A member of Congress from 1957 to 1961, Rep. Porter endorsed several unpopular ideas, including admitting China to the United Nations and trading with China in nonstrategic materials. He also backed disarmament and called for a halt to nuclear testing.
In 1958, after Rep. Porter was warmly welcomed in Venezuela, the Roseburg (Ore.) News-Review wrote that "Porter's speeches sound as if they were made by Khrushchev."

Rep. Porter, who opposed the Vietnam War, unsuccessfully sought reelection several times.
On a local level, Rep. Porter is perhaps best remembered for his fight to remove a hilltop Christian cross from Skinner Butte. He had sought to have the cross removed ever since it was erected by two Eugene business people in 1964.

The first lawsuit to remove the cross was filed in 1965, and the issue wasn't decided until 1997, when the 9th U.S. Circuit Court of Appeals ruled the cross unconstitutional.
"My father, who was a Christian, would say his greatest accomplishment would have been taking the cross down from Skinner Butte," Rep. Porter's son, Sam Porter, told the Eugene Register-Guard newspaper.

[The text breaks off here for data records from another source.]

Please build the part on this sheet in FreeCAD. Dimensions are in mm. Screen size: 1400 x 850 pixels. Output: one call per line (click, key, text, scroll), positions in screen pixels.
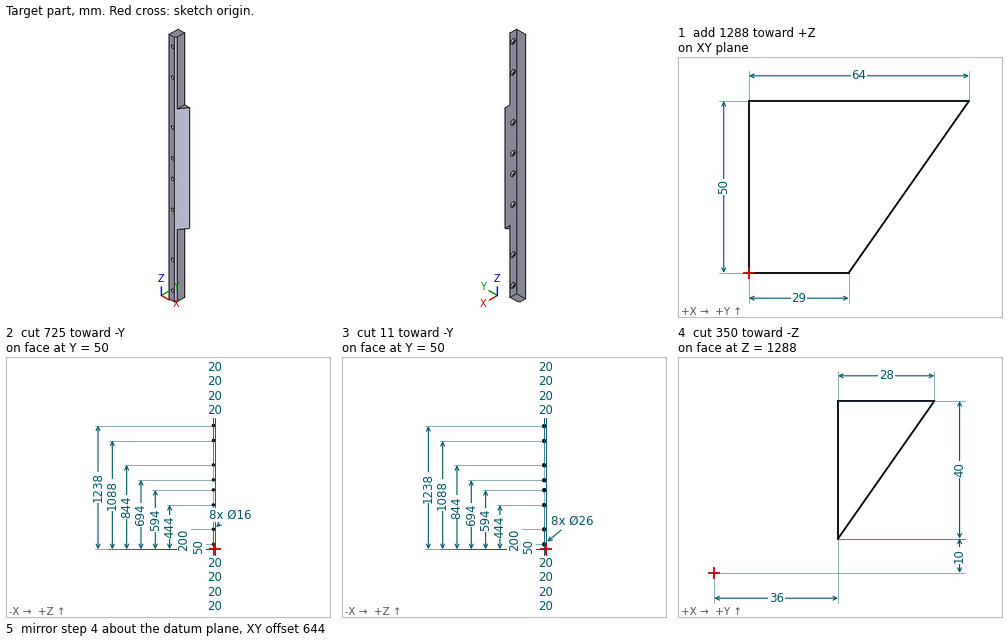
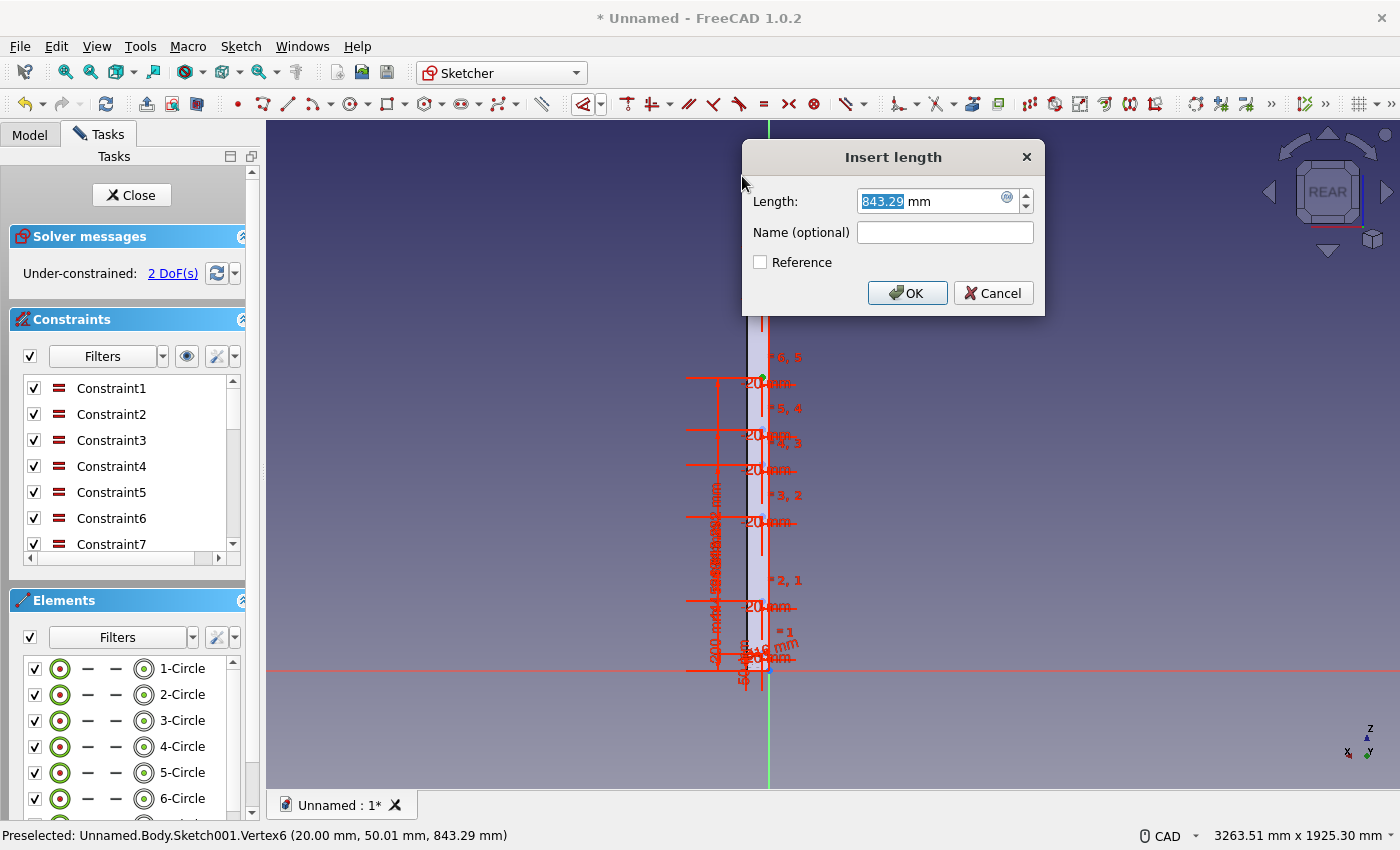
text(844)
key(Return)
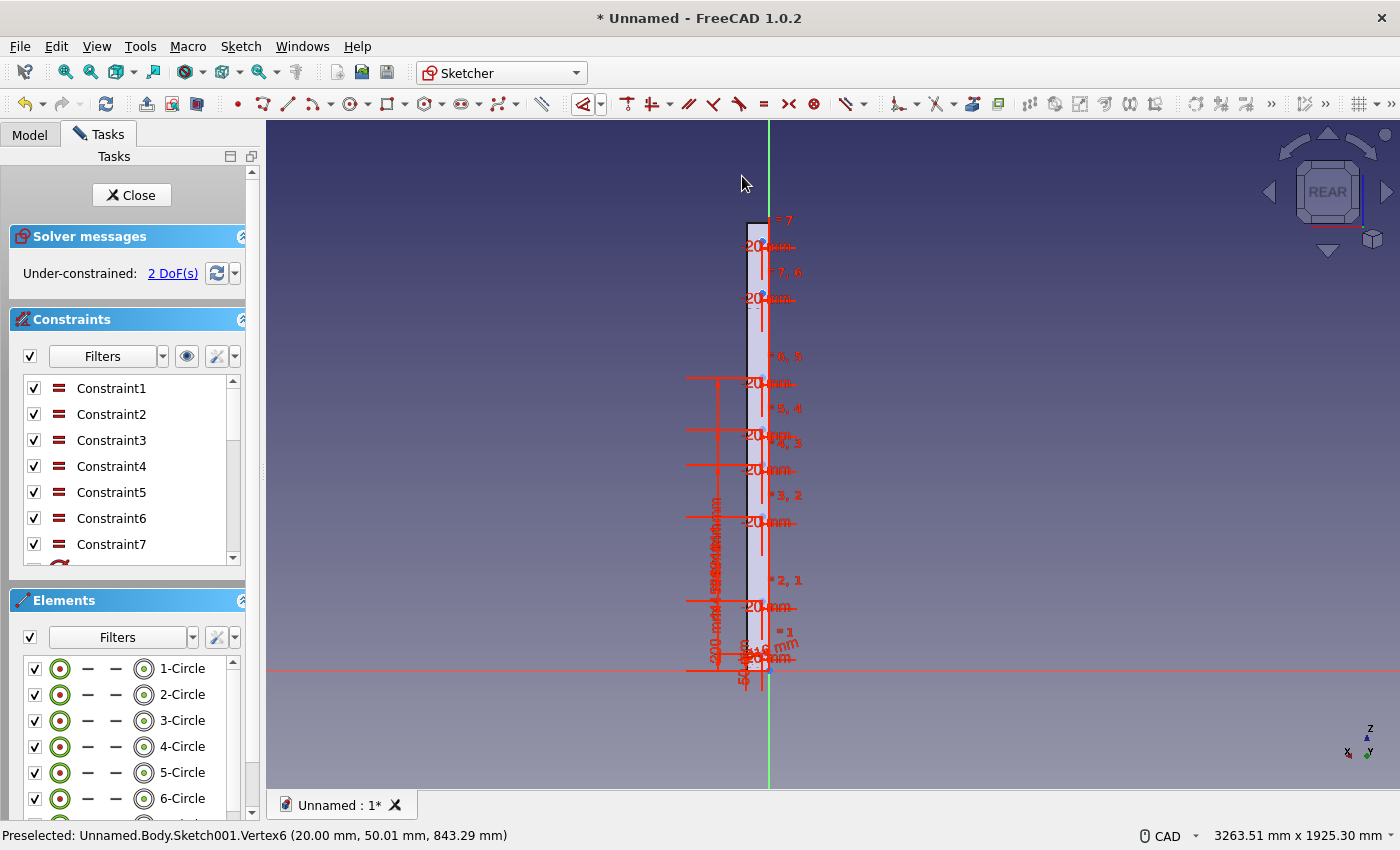
click(762, 293)
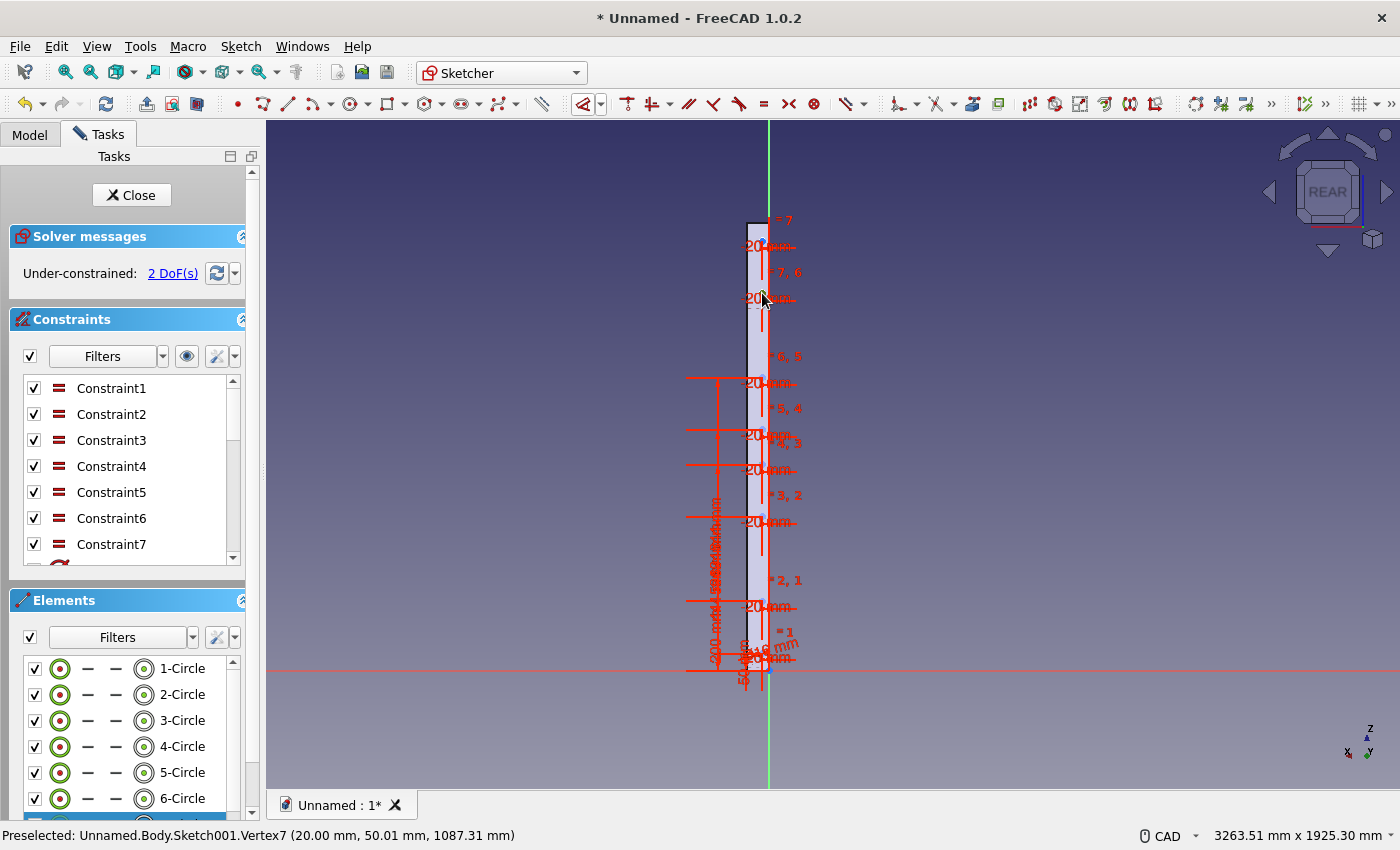
key(i)

As a lawyer, Rep. Porter fought against a nuclear plant in the Eugene area and the use of ratepayers' money to promote it; for tubal ligations by choice for social and economic reasons; for decriminalization of marijuana; and for statutory status reviews of institutionalized mentally retarded people.

In 1975, Rep. Porter demanded under the Freedom of Information Act that the CIA turn over the file it was keeping on him. The 222-page document dealt largely with his peace activities and his efforts to abolish the House Un-American Activities Committee.

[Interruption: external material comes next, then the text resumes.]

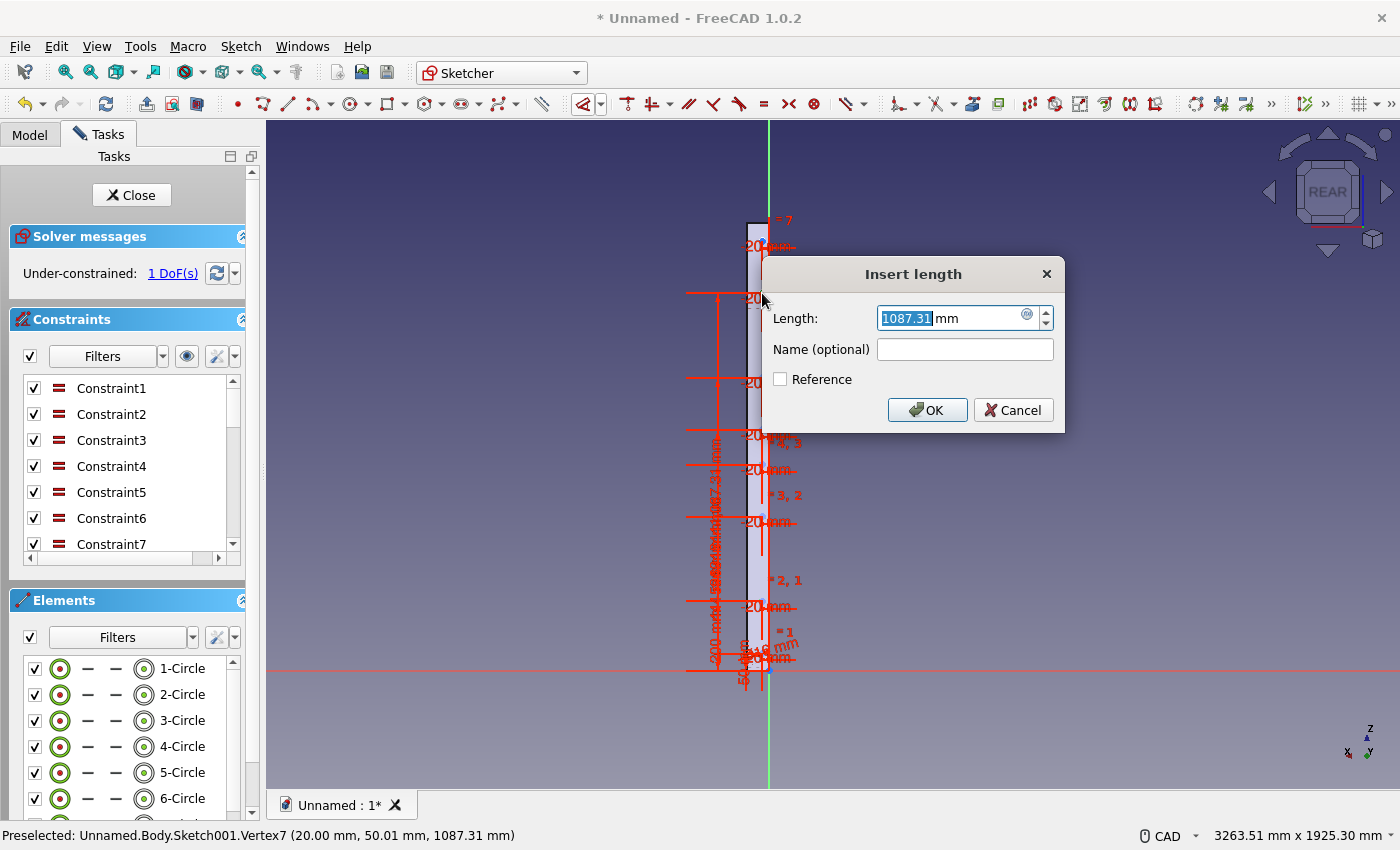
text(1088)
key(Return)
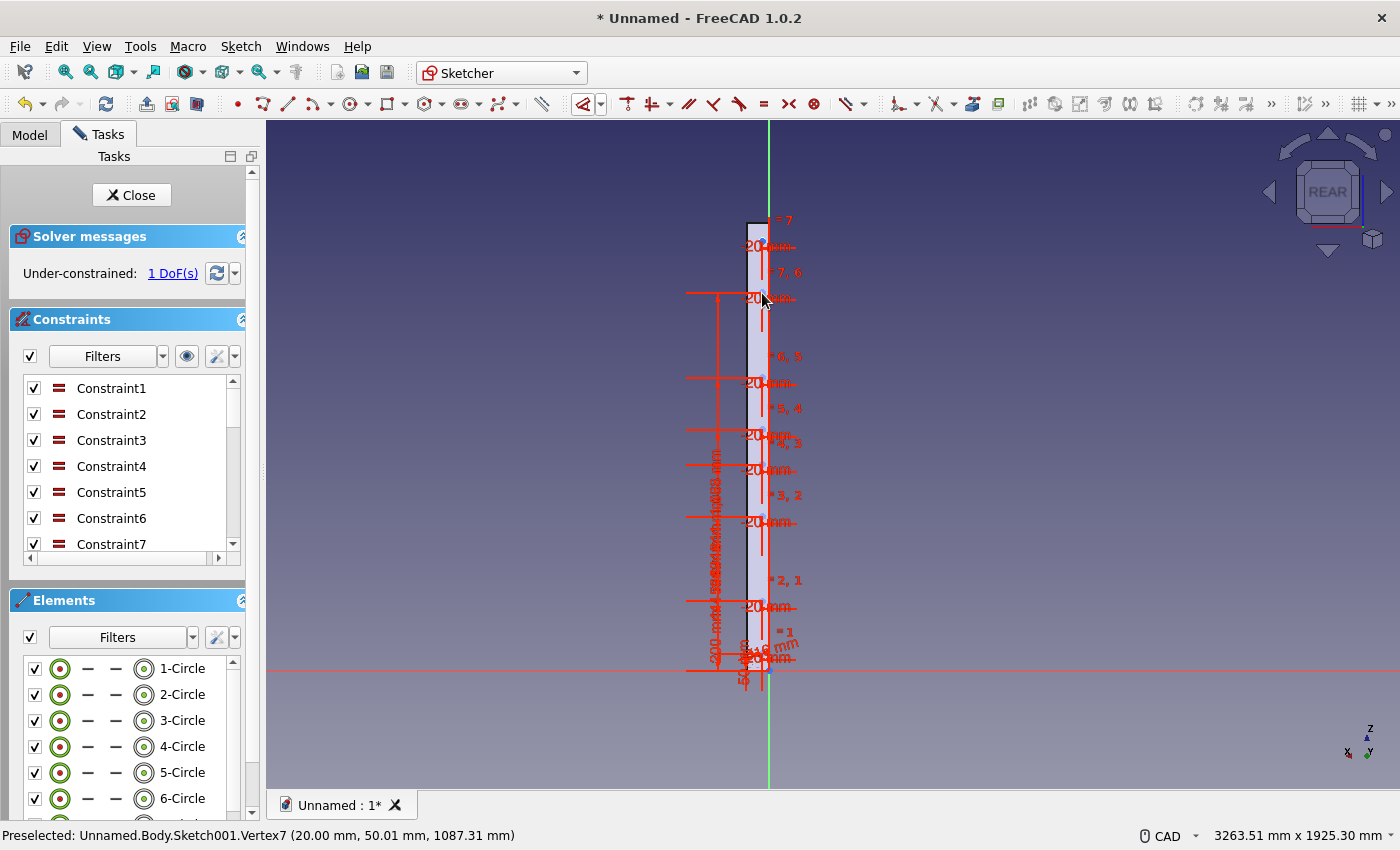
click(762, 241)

In 2001, he wrote a resolution seeking to impeach the five Supreme Court justices who voted to stop the presidential ballot recount in Florida. He said their decision was transparently political and "tarnished the integrity" of the court.

Charles Orlando Porter was born in Klamath Falls, Ore., on April 4, 1919. He was a 1941 graduate of Harvard University and a 1947 graduate of its law school. He was an Army Air Forces veteran of World War II.
He practiced law in Eugene until winning election to the House. He resumed his practice after returning to Oregon.